Understanding how to work with algebraic fractions is crucial when solving linear equations. Just like numerical fractions, algebraic fractions involve a numerator and a denominator, but with variables like ‘x’. To simplify an equation with algebraic fractions, you often need to find a common denominator so that you can combine terms or eliminate the fractions entirely. In the given exercise, there’s an initial step where you simplify the equation by addressing the fractions and aiming to get everything in terms of ‘x’. Handling algebraic fractions correctly can help reduce mistakes and make subsequent steps in the problem-solving process smoother.

When you encounter equations such as \( \frac{8-3x}{2} = \frac{x}{6} \), remembering that you can perform the same operation on both sides of the equation to eliminate fractions is essential. This might involve multiplying through by the least common multiple of the denominators, which in this case would be 6, to get rid of the fractions and make the equation easier to solve.

The process of combining like terms is a fundamental step in simplifying algebraic expressions. It involves adding or subtracting terms that have the same variable raised to the same power. In other words, you can only combine terms that have the same literal coefficient. For instance, in the exercise, the terms ‘-3x’ and ‘-x’ are like terms because they both contain the variable ‘x’. Combining them is achieved by adding or subtracting their numerical coefficients: \( -3x - x = -4x \). Recognizing like terms helps in streamlining the equation to its simplest form, which is often required before isolating the variable.

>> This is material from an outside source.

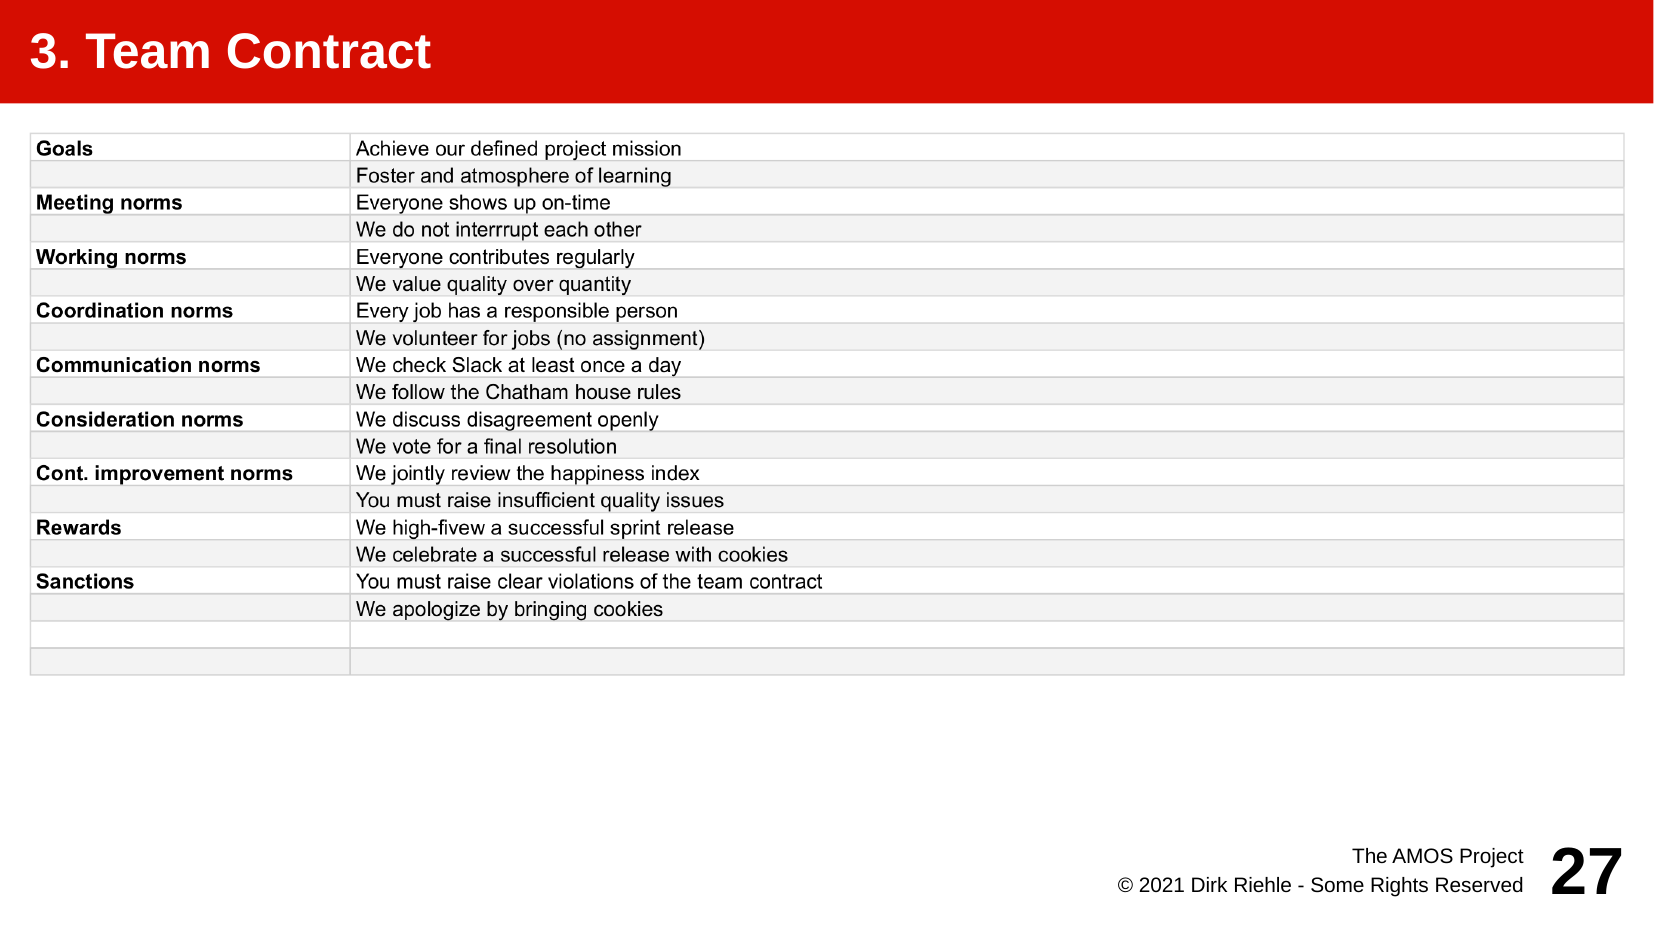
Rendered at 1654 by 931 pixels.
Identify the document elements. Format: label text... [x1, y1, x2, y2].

By mastering this skill, you can simplify complex equations and avoid common errors, such as combining unlike terms, which can lead to incorrect solutions. When performing these combinations, always ensure to consider the sign in front of each term, as it will affect the operation you perform.

The goal of isolating the variable is to solve for the unknown in an equation. Isolating the variable means manipulating the equation in a way that gets the variable on one side of the equation and the constants on the other. This is typically done by performing a series of inverse operations, such as adding, subtracting, multiplying, or dividing both sides of the equation, until the variable is left by itself.

In the provided exercise, after combining like terms, you isolate the variable ‘x’ by first subtracting 8 from both sides to remove the constant from the side containing the variable. Doing this provides you with \( -14x = -8 \). Next, you would divide both sides by -14 to find the value of ‘x’. The goal is to ensure the variable stands alone, making it simple to see what ‘x’ equals. Getting comfortable with this process is key to mastering algebra, as it is a fundamental step in solving linear equations.